The chief walked to the door and stopped. “You’re the biggest piece of trouble I’ve ever known, Madigan.”

“Yeah, I know,” I whispered on a faint breath.

When he was gone, I relaxed back into the thin mattress, body limp and out of breath. I needed to heal, but my wounds were much worse this time around, and all I wanted was to slip back into unconsciousness. My body and mind begged me to. Maybe just a little nap.

No!

God, no. I couldn’t. There wasn’t time.

I let my eyelids close and remembered my conversation with Aaron. Be calm. Both Charbydons and Elysians had the power to heal. It was inside of me somewhere. The dark power and the light. I realized at that moment, I’d relied mostly on the dark, had used every ounce in me. But the Elysian power, I’d barely tapped. And I knew just how to do it.

Emma.

All I had to do was imagine her in my mind and she was there. Drawing on our bond, I freed my emotions, all the warmth and love. Her smile lit the darkest part of my soul. The sound of her laughter filled me with joy and peace. And her love for me was absolute, and so damn humbling. I’d sacrifice the world and more for her.

And she was my pathway to the light.

Only the good, I commanded as thoughts of her kidnapping came into my mind. My Emma. Strong-willed, passionate, kind. Pride swelled my chest, mingling with all the wonderful emotions she brought out in me.

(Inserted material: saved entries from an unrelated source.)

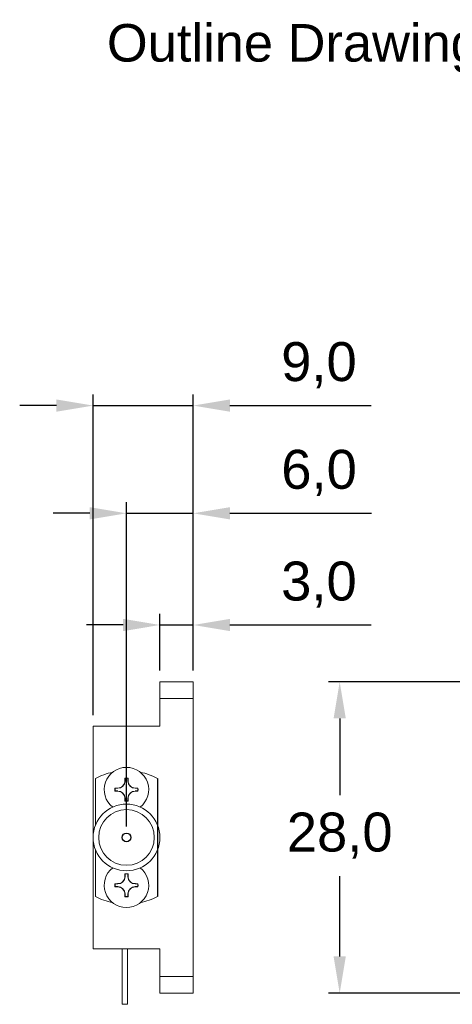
# Model space of a CAD drawing. Header units: millimetres. Extents: x 11 to 115, y 11 to 102.
# Tile 1 of 2: x 11 to 50, y 13 to 102. Entities that reach past the tile are written whole.
import ezdxf

# ---------------------------------------------------------------- set-up
doc = ezdxf.new("R2010")
doc.units = ezdxf.units.MM
doc.linetypes.add('CENTER2', pattern=[28.575, 19.05, -3.175, 3.175, -3.175])
doc.styles.add('arial', font='arial.ttf')
doc.styles.get("Standard").update_dxf_attribs({"font": 'arial.ttf'})
doc.dimstyles.new('ISO-25', dxfattribs={"dimtxt": 2.5, "dimasz": 2.5, "dimexe": 1.25, "dimexo": 0.625, "dimtad": 1, "dimtxsty": 'Standard', "dimcen": 2.5, "dimadec": 0, "dimazin": 0, "dimtfac": 1, "dimtmove": 0, "dimatfit": 3, "dimfxl": 1, "dimarcsym": 0})

# ---------------------------------------------------------------- blocks, each defined once
blk = doc.blocks.new('*D12')
at = {"color": 0, "lineweight": -2, "transparency": 16777216}
for p, q in [((20.886, 29.268), (20.886, 58.413)), ((26.886, 43.268), (26.886, 58.413)), ((17.584, 57.413), (14.282, 57.413)), ((20.886, 57.413), (26.886, 57.413)), ((30.188, 57.413), (42.917, 57.413))]:
    blk.add_line(p, q, dxfattribs=at)
at = {"color": 0, "transparency": 16777216}
for points in [[(17.584, 57.963), (17.584, 56.863), (20.886, 57.413)], [(30.188, 57.963), (30.188, 56.863), (26.886, 57.413)]]:
    blk.add_solid(points, dxfattribs=at)
at = {"layer": 'Defpoints', "color": 0, "transparency": 16777216}
for p in [(26.886, 57.413), (26.886, 42.268), (20.886, 28.268)]:
    blk.add_point(p, dxfattribs=at)
at = {"color": 0, "transparency": 16777216, "insert": (38.204, 61.04), "char_height": 3.5, "attachment_point": 5}
blk.add_mtext('6,0', dxfattribs=at)
blk = doc.blocks.new('*D17')
at = {"color": 0, "lineweight": -2, "transparency": 16777216}
for p, q in [((23.886, 43.268), (23.886, 48.37)), ((26.886, 43.268), (26.886, 48.37)), ((20.584, 47.37), (17.282, 47.37)), ((23.886, 47.37), (26.886, 47.37)), ((30.188, 47.37), (42.896, 47.37))]:
    blk.add_line(p, q, dxfattribs=at)
at = {"color": 0, "transparency": 16777216}
for points in [[(20.584, 47.92), (20.584, 46.819), (23.886, 47.37)], [(30.188, 47.92), (30.188, 46.819), (26.886, 47.37)]]:
    blk.add_solid(points, dxfattribs=at)
at = {"layer": 'Defpoints', "color": 0, "transparency": 16777216}
for p in [(26.886, 47.37), (23.886, 42.268), (26.886, 42.268)]:
    blk.add_point(p, dxfattribs=at)
at = {"color": 0, "transparency": 16777216, "insert": (38.193, 50.997), "char_height": 3.5, "attachment_point": 5}
blk.add_mtext('3,0', dxfattribs=at)
blk = doc.blocks.new('*D18')
at = {"color": 0, "lineweight": -2, "transparency": 16777216}
for p, q in [((74.115, 42.268), (39.059, 42.268)), ((40.059, 38.966), (40.059, 32.057)), ((40.059, 17.57), (40.059, 24.802)), ((74.115, 14.268), (39.059, 14.268))]:
    blk.add_line(p, q, dxfattribs=at)
at = {"color": 0, "transparency": 16777216}
for points in [[(39.508, 38.966), (40.609, 38.966), (40.059, 42.268)], [(39.508, 17.57), (40.609, 17.57), (40.059, 14.268)]]:
    blk.add_solid(points, dxfattribs=at)
at = {"layer": 'Defpoints', "color": 0, "transparency": 16777216}
for p in [(75.115, 42.268), (40.059, 14.268), (75.115, 14.268)]:
    blk.add_point(p, dxfattribs=at)
at = {"color": 0, "transparency": 16777216, "insert": (40.059, 28.429), "char_height": 3.5, "attachment_point": 5}
blk.add_mtext('28,0', dxfattribs=at)
blk = doc.blocks.new('*D11')
at = {"color": 0, "lineweight": -2, "transparency": 16777216}
for p, q in [((17.886, 39.268), (17.886, 68.098)), ((26.886, 43.268), (26.886, 68.098)), ((14.584, 67.098), (11.282, 67.098)), ((17.886, 67.098), (26.886, 67.098)), ((30.188, 67.098), (42.898, 67.098))]:
    blk.add_line(p, q, dxfattribs=at)
at = {"color": 0, "transparency": 16777216}
for points in [[(14.584, 67.648), (14.584, 66.547), (17.886, 67.098)], [(30.188, 67.648), (30.188, 66.547), (26.886, 67.098)]]:
    blk.add_solid(points, dxfattribs=at)
at = {"layer": 'Defpoints', "color": 0, "transparency": 16777216}
for p in [(26.886, 67.098), (26.886, 42.268), (17.886, 38.268)]:
    blk.add_point(p, dxfattribs=at)
at = {"color": 0, "transparency": 16777216, "insert": (38.194, 70.725), "char_height": 3.5, "attachment_point": 5}
blk.add_mtext('9,0', dxfattribs=at)

msp = doc.modelspace()

# ---------------------------------------------------------------- linework, layer by layer
at = {"color": 7, "linetype": 'Continuous', "lineweight": 15}
for p, q in [((26.886, 42.268), (23.886, 42.268)), ((23.886, 42.268), (23.886, 40.768)), ((26.886, 40.768), (26.886, 42.268)), ((23.886, 40.768), (23.886, 38.268)), ((23.886, 40.768), (26.886, 40.768)), ((26.886, 35.278), (26.886, 40.768)), ((17.886, 38.268), (21.886, 38.268)), ((17.886, 38.268), (17.886, 18.268)), ((21.586, 38.268), (23.886, 38.268)), ((26.886, 35.278), (26.886, 21.258)), ((18.086, 33.575), (18.086, 29.345)), ((20.765, 33.582), (20.765, 33.357)), ((21.007, 33.582), (21.007, 33.357)), ((19.872, 32.689), (20.101, 32.69)), ((19.872, 32.447), (20.101, 32.446)), ((21.9, 32.689), (21.671, 32.69)), ((21.9, 32.447), (21.671, 32.446)), ((20.765, 31.554), (20.765, 31.779)), ((21.007, 31.554), (21.007, 31.779)), ((18.086, 27.191), (18.086, 22.961)), ((20.765, 24.982), (20.765, 24.757)), ((21.007, 24.982), (21.007, 24.757)), ((19.872, 24.089), (20.101, 24.09)), ((21.9, 24.089), (21.671, 24.09)), ((19.872, 23.847), (20.101, 23.846)), ((20.765, 22.954), (20.765, 23.179)), ((21.007, 22.954), (21.007, 23.179)), ((21.9, 23.847), (21.671, 23.846)), ((26.886, 15.768), (26.886, 21.258)), ((21.886, 18.268), (17.886, 18.268)), ((20.486, 18.268), (20.486, 13.268)), ((20.986, 13.268), (20.986, 18.268)), ((23.886, 18.268), (21.586, 18.268)), ((23.886, 18.268), (23.886, 15.768)), ((23.886, 15.768), (23.886, 14.268)), ((23.886, 15.768), (26.886, 15.768)), ((26.886, 14.268), (26.886, 15.768)), ((23.886, 14.268), (26.886, 14.268)), ((20.486, 13.268), (20.736, 13.268)), ((20.736, 13.268), (20.986, 13.268))]:
    msp.add_line(p, q, dxfattribs=at)
msp.add_line((23.686, 33.575), (23.686, 22.961))
at = {"color": 7, "linetype": 'Continuous', "lineweight": 15, "flags": 128}
for points in [[(20.743, 33.601), (20.743, 33.571), (20.742, 33.541), (20.742, 33.51), (20.742, 33.48), (20.741, 33.449), (20.741, 33.418), (20.741, 33.387), (20.74, 33.357)], [(21.029, 33.601), (21.03, 33.571), (21.03, 33.541), (21.03, 33.51), (21.031, 33.48), (21.031, 33.449), (21.031, 33.418), (21.032, 33.387), (21.032, 33.357)], [(19.853, 32.711), (19.884, 32.712), (19.914, 32.712), (19.945, 32.713), (19.976, 32.713), (20.007, 32.714), (20.039, 32.714), (20.07, 32.714), (20.101, 32.715)], [(19.853, 32.425), (19.884, 32.424), (19.914, 32.424), (19.945, 32.423), (19.976, 32.423), (20.007, 32.422), (20.039, 32.422), (20.07, 32.422), (20.101, 32.421)], [(21.919, 32.711), (21.889, 32.712), (21.858, 32.712), (21.827, 32.713), (21.796, 32.713), (21.765, 32.714), (21.734, 32.714), (21.702, 32.714), (21.671, 32.715)], [(21.919, 32.425), (21.889, 32.424), (21.858, 32.424), (21.827, 32.423), (21.796, 32.423), (21.765, 32.422), (21.734, 32.422), (21.702, 32.422), (21.671, 32.421)], [(20.743, 31.535), (20.743, 31.565), (20.742, 31.595), (20.742, 31.626), (20.742, 31.656), (20.741, 31.687), (20.741, 31.718), (20.741, 31.748), (20.74, 31.779)], [(21.029, 31.535), (21.03, 31.565), (21.03, 31.595), (21.03, 31.626), (21.031, 31.656), (21.031, 31.687), (21.031, 31.718), (21.032, 31.748), (21.032, 31.779)], [(20.743, 25.001), (20.743, 24.971), (20.742, 24.941), (20.742, 24.91), (20.742, 24.88), (20.741, 24.849), (20.741, 24.818), (20.741, 24.787), (20.74, 24.757)], [(21.029, 25.001), (21.03, 24.971), (21.03, 24.941), (21.03, 24.91), (21.031, 24.88), (21.031, 24.849), (21.031, 24.818), (21.032, 24.787), (21.032, 24.757)], [(19.853, 24.111), (19.884, 24.112), (19.914, 24.112), (19.945, 24.113), (19.976, 24.113), (20.007, 24.114), (20.039, 24.114), (20.07, 24.114), (20.101, 24.115)], [(21.919, 24.111), (21.889, 24.112), (21.858, 24.112), (21.827, 24.113), (21.796, 24.113), (21.765, 24.114), (21.734, 24.114), (21.702, 24.114), (21.671, 24.115)], [(19.853, 23.825), (19.884, 23.824), (19.914, 23.824), (19.945, 23.823), (19.976, 23.823), (20.007, 23.822), (20.039, 23.822), (20.07, 23.822), (20.101, 23.821)], [(20.743, 22.935), (20.743, 22.965), (20.742, 22.995), (20.742, 23.026), (20.742, 23.056), (20.741, 23.087), (20.741, 23.118), (20.741, 23.148), (20.74, 23.179)], [(21.029, 22.935), (21.03, 22.965), (21.03, 22.995), (21.03, 23.026), (21.031, 23.056), (21.031, 23.087), (21.031, 23.118), (21.032, 23.148), (21.032, 23.179)], [(21.919, 23.825), (21.889, 23.824), (21.858, 23.824), (21.827, 23.823), (21.796, 23.823), (21.765, 23.822), (21.734, 23.822), (21.702, 23.822), (21.671, 23.821)]]:
    msp.add_lwpolyline(points, dxfattribs=at)
at = {"color": 7, "linetype": 'Continuous', "lineweight": 15}
for radius in [3, 2.5]:
    msp.add_circle((20.886, 28.268), radius, dxfattribs=at)
msp.add_circle((20.886, 28.268), 0.4)
for centre, radius, start, end in [((20.886, 32.568), 2, 308.3438, 231.6562), ((20.886, 28.268), 6, 101.90573, 117.81814), ((20.886, 28.268), 6, 62.18186, 78.09427), ((20.099, 33.357), 0.666, 270.2329, 0), ((20.886, 32.568), 1.043, 82.11271, 97.88729), ((20.886, 32.568), 1.021, 83.19224, 96.80776), ((21.674, 33.357), 0.666, 180, 269.7671), ((20.886, 32.568), 1.043, 172.10895, 187.89105), ((20.886, 32.568), 1.021, 173.18394, 186.81606), ((20.099, 31.779), 0.666, 0, 89.7671), ((21.674, 31.779), 0.666, 90.2329, 180), ((20.886, 32.568), 1.021, 353.18394, 6.81606), ((20.886, 32.568), 1.043, 352.10895, 7.89105), ((20.886, 32.568), 1.043, 262.11271, 277.88729), ((20.886, 32.568), 1.021, 263.19224, 276.80776), ((20.886, 23.968), 2, 128.3438, 51.6562), ((20.886, 23.968), 1.043, 82.11271, 97.88729), ((20.886, 23.968), 1.021, 83.19224, 96.80776), ((20.886, 23.968), 1.043, 172.10895, 187.89105), ((20.886, 23.968), 1.021, 173.18394, 186.81606), ((20.099, 24.757), 0.666, 270.2329, 0), ((21.674, 24.757), 0.666, 180, 269.7671), ((20.886, 23.968), 1.021, 353.18394, 6.81606), ((20.886, 23.968), 1.043, 352.10895, 7.89105), ((20.099, 23.179), 0.666, 0, 89.7671), ((21.674, 23.179), 0.666, 90.2329, 180), ((20.886, 28.268), 6, 242.18186, 258.09427), ((20.886, 23.968), 1.043, 262.11271, 277.88729), ((20.886, 23.968), 1.021, 263.19224, 276.80776), ((20.886, 28.268), 6, 281.90573, 297.81814)]:
    msp.add_arc(centre, radius, start, end, dxfattribs=at)
for points in [[(20.74, 33.357), (20.739, 33.192), (20.671, 33.025), (20.433, 32.786), (20.266, 32.717), (20.101, 32.715)], [(21.032, 33.357), (21.033, 33.192), (21.102, 33.025), (21.339, 32.786), (21.506, 32.717), (21.671, 32.715)], [(20.74, 31.779), (20.739, 31.944), (20.671, 32.111), (20.433, 32.35), (20.266, 32.419), (20.101, 32.421)], [(21.671, 32.421), (21.506, 32.419), (21.34, 32.35), (21.102, 32.111), (21.033, 31.944), (21.032, 31.779)], [(20.74, 24.757), (20.739, 24.592), (20.671, 24.425), (20.433, 24.186), (20.266, 24.117), (20.101, 24.115)], [(21.671, 24.115), (21.506, 24.117), (21.34, 24.186), (21.102, 24.424), (21.033, 24.591), (21.032, 24.757)], [(20.74, 23.179), (20.739, 23.344), (20.671, 23.511), (20.433, 23.75), (20.266, 23.819), (20.101, 23.821)], [(21.032, 23.179), (21.033, 23.344), (21.102, 23.511), (21.339, 23.75), (21.506, 23.819), (21.671, 23.821)]]:
    msp.add_open_spline(points, degree=3, knots=[0, 0, 0, 0, 0.5, 0.5, 1, 1, 1, 1], dxfattribs=at)
for points in [[(20.765, 33.582), (20.758, 33.588), (20.75, 33.595), (20.743, 33.601)], [(21.007, 33.582), (21.015, 33.588), (21.022, 33.595), (21.029, 33.601)], [(19.872, 32.689), (19.866, 32.696), (19.859, 32.704), (19.853, 32.711)], [(19.872, 32.447), (19.866, 32.439), (19.859, 32.432), (19.853, 32.425)], [(21.9, 32.689), (21.907, 32.696), (21.913, 32.704), (21.919, 32.711)], [(21.9, 32.447), (21.907, 32.439), (21.913, 32.432), (21.919, 32.425)], [(20.765, 31.554), (20.758, 31.548), (20.75, 31.541), (20.743, 31.535)], [(21.007, 31.554), (21.015, 31.548), (21.022, 31.541), (21.029, 31.535)], [(20.765, 24.982), (20.758, 24.988), (20.75, 24.995), (20.743, 25.001)], [(21.007, 24.982), (21.015, 24.988), (21.022, 24.995), (21.029, 25.001)], [(19.872, 24.089), (19.866, 24.096), (19.859, 24.104), (19.853, 24.111)], [(21.9, 24.089), (21.907, 24.096), (21.913, 24.104), (21.919, 24.111)], [(19.872, 23.847), (19.866, 23.839), (19.859, 23.832), (19.853, 23.825)], [(21.9, 23.847), (21.907, 23.839), (21.913, 23.832), (21.919, 23.825)], [(20.765, 22.954), (20.758, 22.948), (20.75, 22.941), (20.743, 22.935)], [(21.007, 22.954), (21.015, 22.948), (21.022, 22.941), (21.029, 22.935)]]:
    msp.add_open_spline(points, degree=3, dxfattribs=at)

# ---------------------------------------------------------------- texts
at = {"linetype": 'CENTER2', "style": 'arial'}
msp.add_text('Outline Drawing (All dimensions in mm)', height=3.375, dxfattribs=at).set_placement((19.126, 98.023))

# ---------------------------------------------------------------- dimensions: what is measured, and where the dimension line sits
for base, p1, picture, middle in [((26.886, 67.098), (17.886, 38.268), '*D11', (38.194, 70.725)), ((26.886, 57.413), (20.886, 28.268), '*D12', (38.204, 61.04)), ((26.886, 47.37), (23.886, 42.268), '*D17', (38.193, 50.997))]:
    dim = msp.add_linear_dim(base=base, p1=p1, p2=(26.886, 42.268), dimstyle='ISO-25', override={"dimtxt": 3.5, "dimasz": 3.302, "dimexe": 1, "dimexo": 1, "dimgap": 1.524, "dimtih": 1, "dimtoh": 1, "dimdec": 1, "dimzin": 0, "dimadec": 2, "dimtdec": 1, "dimtzin": 0})
    dim.commit()
    dim.dimension.update_dxf_attribs({"geometry": picture, "text_midpoint": middle})
dim = msp.add_linear_dim(base=(40.059, 14.268), p1=(75.115, 42.268), p2=(75.115, 14.268), angle=90, dimstyle='ISO-25', override={"dimtxt": 3.5, "dimasz": 3.302, "dimexe": 1, "dimexo": 1, "dimgap": 1.524, "dimtih": 1, "dimtoh": 1, "dimdec": 1, "dimzin": 0, "dimadec": 2, "dimtdec": 1, "dimtzin": 0})
dim.commit()
dim.dimension.update_dxf_attribs({"geometry": '*D18', "text_midpoint": (40.059, 28.429), "dimtype": 160})

doc.saveas('drawing.dxf')

The goodness unlocked something and behind my closed lids a light grew, and the Elysian power released, flooding into my own light and the light that my child created inside of me. I realized then, as my fingers and toes tingled and my body hummed, that the darkness had nearly overtaken me. I had relied upon it so much in my anger and desperation that it had grown and adapted to me while this power had not been given much of a chance.

Well, now it had. And I held on to it, letting it course through my veins, every sinew and muscle, every cell and bone, welcoming it and fusing it with my human side and the dark side.

It was like a giant helping of morphine. For a moment everything—my side, the bruises, cuts, and stiff muscles—became pain free, but it didn’t last long. Once it ebbed, I was left with some serious aches and pains, but not enough to keep me from getting my ass out of there and finding Emma.

“Will you help me sit up?” I asked the nurse sitting by the bed reading a novel. From her tired look, I wondered how long I’d been healing myself. It hadn’t seemed that long.

“Sure.” She set the book down and raised the bed.

Relieved, I scanned the room, noting the two doors, one to a small bathroom and the other—my path to freedom. As she fluffed the pillow for me, I pulled on the restraints around my wrists. “Is there anything you can do about these?”

She gave me a sad look. “Sorry.”

“What if I have to use the bathroom?”

“One of the guards will come in and stand outside the bathroom door while you go.”

“Fine by me. I have to go.”

“Let me check your side first,” she said, coming around the bed to inspect the bandage around my torso. “No bleeding. How do you feel?”

“Trust me, good enough to go to the bathroom.”

After patting me on the leg, she went to the door to tell the officer that I had to pee. Way to put it bluntly.

Trying to formulate a plan in that short amount of time was impossible. But one, I did have to pee, and two, I desperately wanted out of those restraints. And three, if I was able to stand on my own two feet, then I knew I could make it out of there somehow.